### YOUR INSTRUCTIONS
Leaving the images behind, copy every line of the records exactly.
RECORDS TO PROCESS section start
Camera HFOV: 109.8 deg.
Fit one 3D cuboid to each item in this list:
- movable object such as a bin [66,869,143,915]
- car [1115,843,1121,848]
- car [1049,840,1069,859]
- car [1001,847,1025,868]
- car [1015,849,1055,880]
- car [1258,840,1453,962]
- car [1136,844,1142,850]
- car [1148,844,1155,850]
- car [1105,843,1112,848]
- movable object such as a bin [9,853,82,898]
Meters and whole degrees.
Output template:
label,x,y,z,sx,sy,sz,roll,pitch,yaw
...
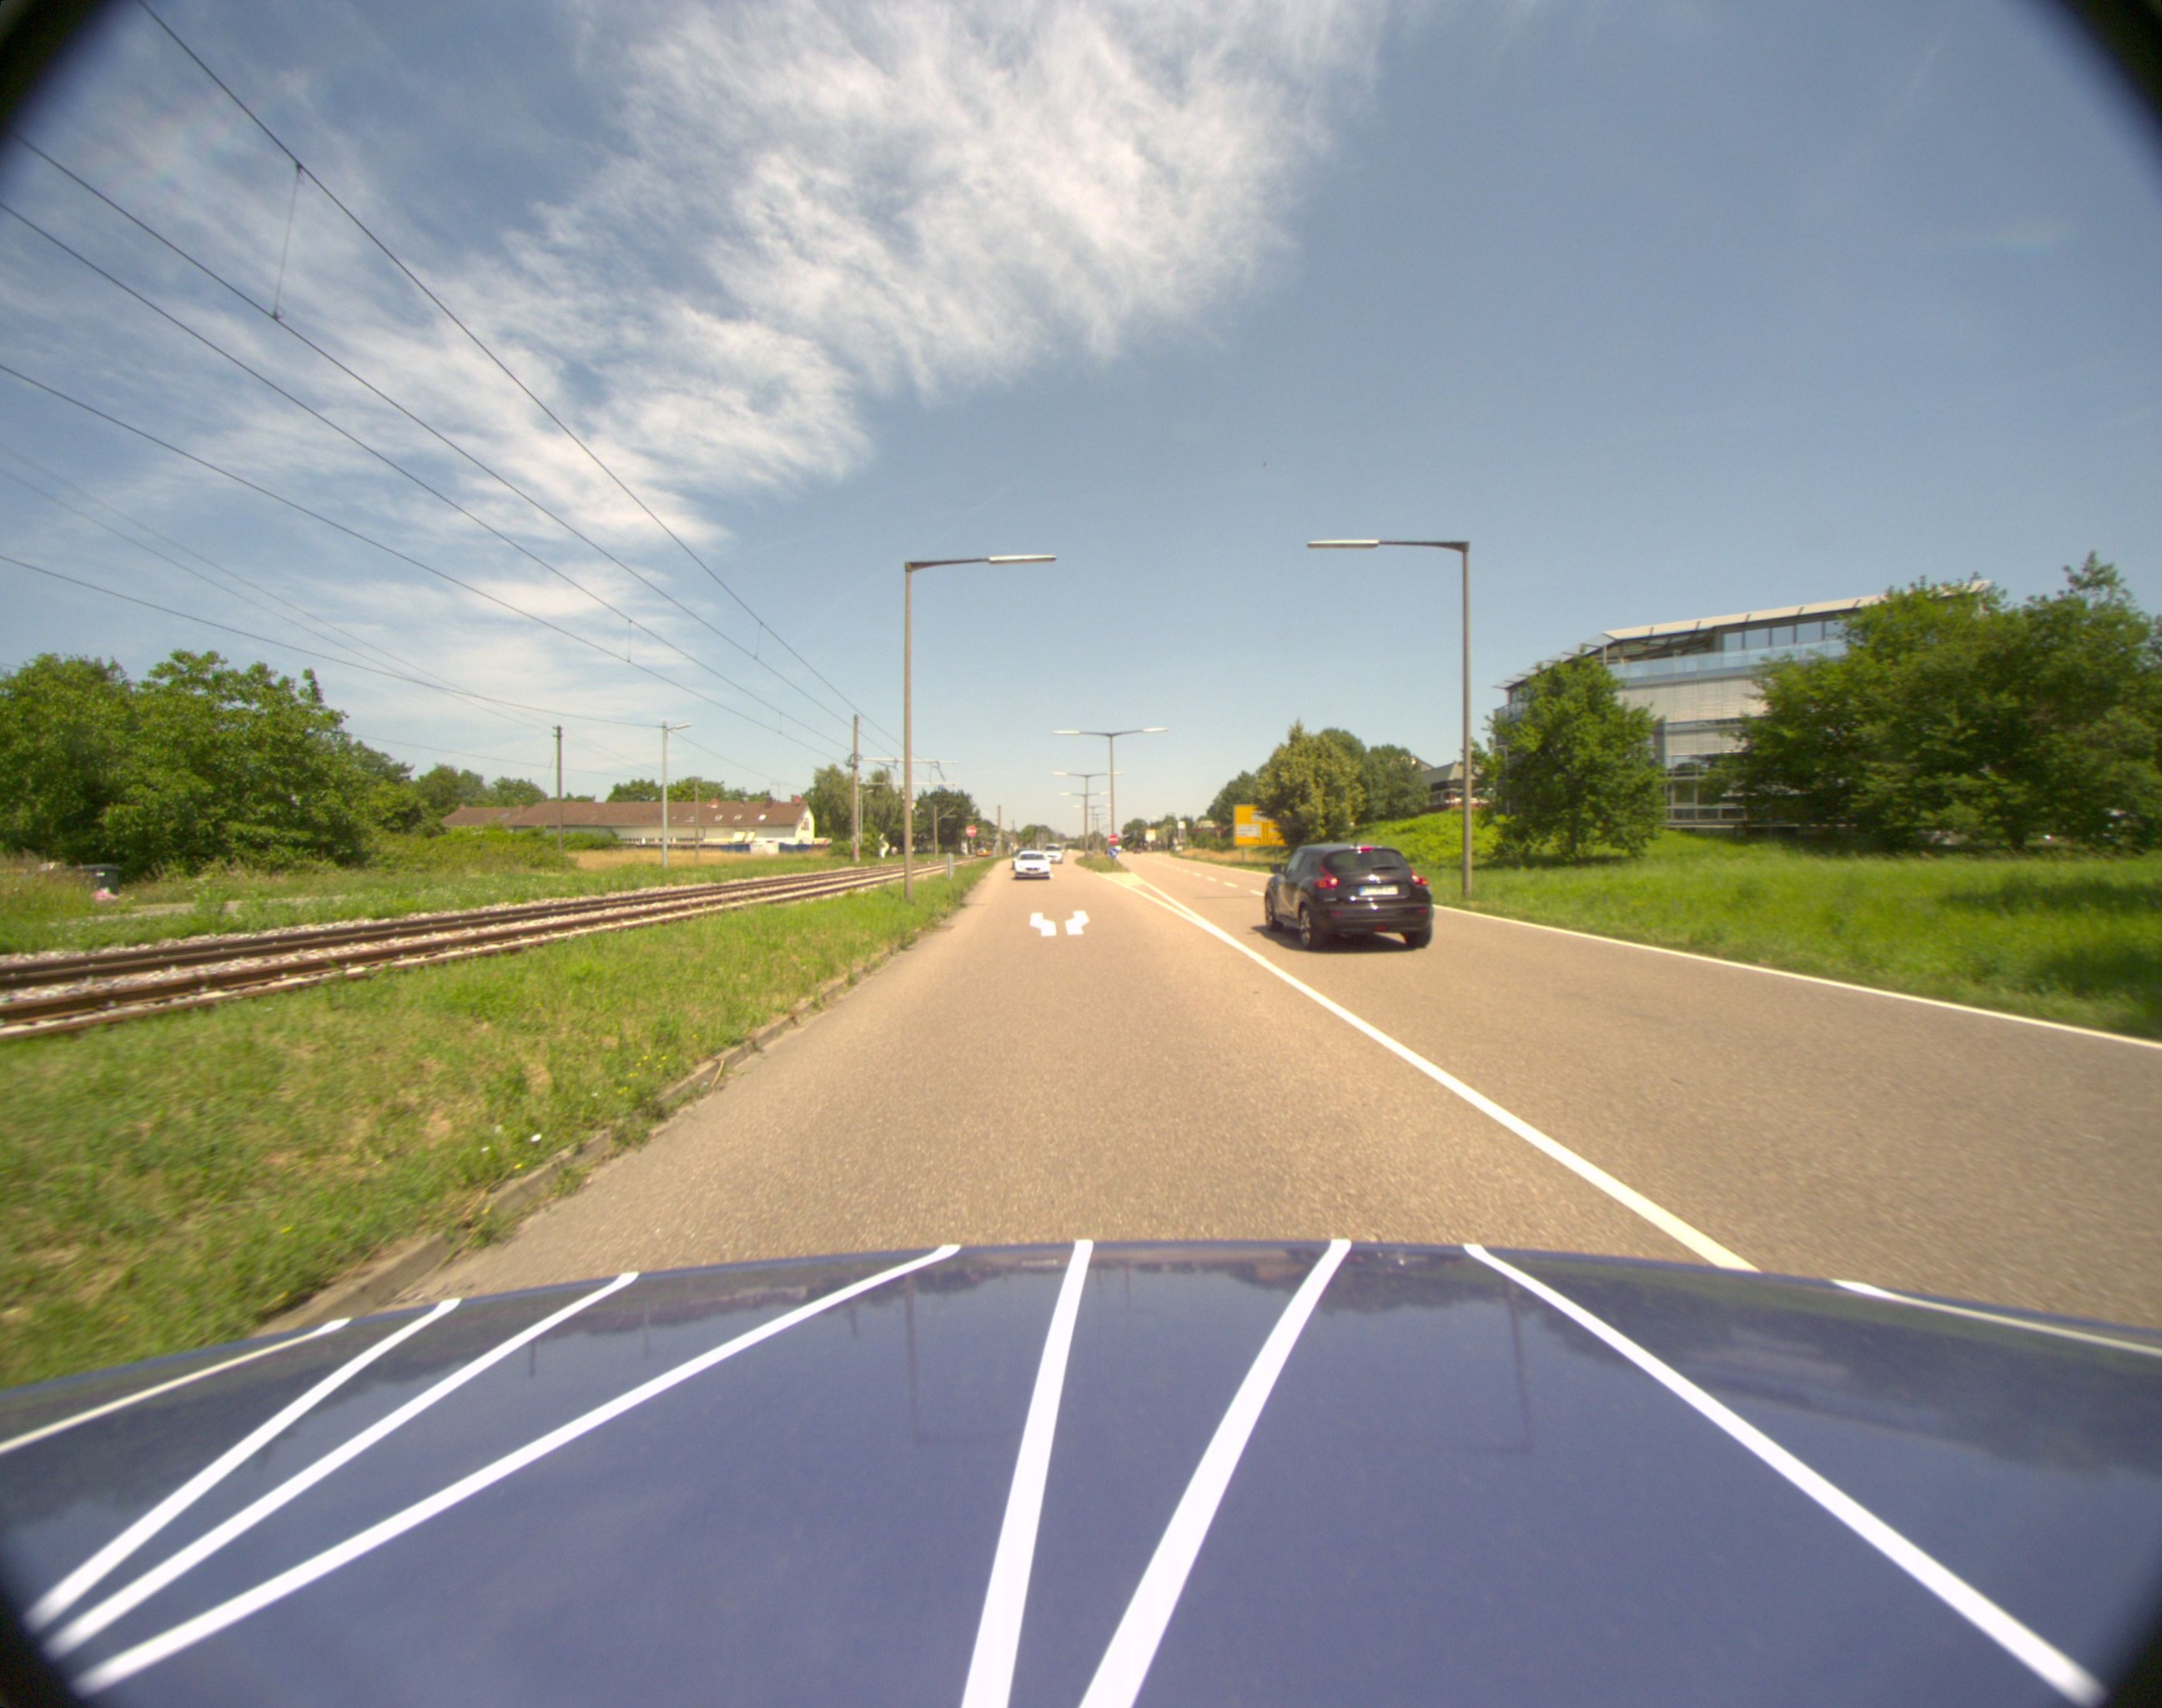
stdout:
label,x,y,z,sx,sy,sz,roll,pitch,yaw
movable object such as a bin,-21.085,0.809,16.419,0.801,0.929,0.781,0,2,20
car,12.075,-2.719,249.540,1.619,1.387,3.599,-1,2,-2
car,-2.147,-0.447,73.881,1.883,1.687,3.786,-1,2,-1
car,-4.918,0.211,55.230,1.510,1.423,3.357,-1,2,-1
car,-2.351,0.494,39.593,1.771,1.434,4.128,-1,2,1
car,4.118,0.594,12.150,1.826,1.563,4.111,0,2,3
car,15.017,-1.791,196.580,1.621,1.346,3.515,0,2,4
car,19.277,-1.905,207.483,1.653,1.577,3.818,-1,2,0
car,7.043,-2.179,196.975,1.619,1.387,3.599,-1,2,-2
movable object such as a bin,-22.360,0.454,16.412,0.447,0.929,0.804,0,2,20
RECORDS TO PROCESS section end
### ANSWER
Camera HFOV: 109.8 deg.
Fit one 3D cuboid to each item in this list:
- movable object such as a bin [66,869,143,915]
- car [1115,843,1121,848]
- car [1049,840,1069,859]
- car [1001,847,1025,868]
- car [1015,849,1055,880]
- car [1258,840,1453,962]
- car [1136,844,1142,850]
- car [1148,844,1155,850]
- car [1105,843,1112,848]
- movable object such as a bin [9,853,82,898]
Meters and whole degrees.
Output template:
label,x,y,z,sx,sy,sz,roll,pitch,yaw
...
stdout:
label,x,y,z,sx,sy,sz,roll,pitch,yaw
movable object such as a bin,-21.085,0.809,16.419,0.801,0.929,0.781,0,2,20
car,12.075,-2.719,249.540,1.619,1.387,3.599,-1,2,-2
car,-2.147,-0.447,73.881,1.883,1.687,3.786,-1,2,-1
car,-4.918,0.211,55.230,1.510,1.423,3.357,-1,2,-1
car,-2.351,0.494,39.593,1.771,1.434,4.128,-1,2,1
car,4.118,0.594,12.150,1.826,1.563,4.111,0,2,3
car,15.017,-1.791,196.580,1.621,1.346,3.515,0,2,4
car,19.277,-1.905,207.483,1.653,1.577,3.818,-1,2,0
car,7.043,-2.179,196.975,1.619,1.387,3.599,-1,2,-2
movable object such as a bin,-22.360,0.454,16.412,0.447,0.929,0.804,0,2,20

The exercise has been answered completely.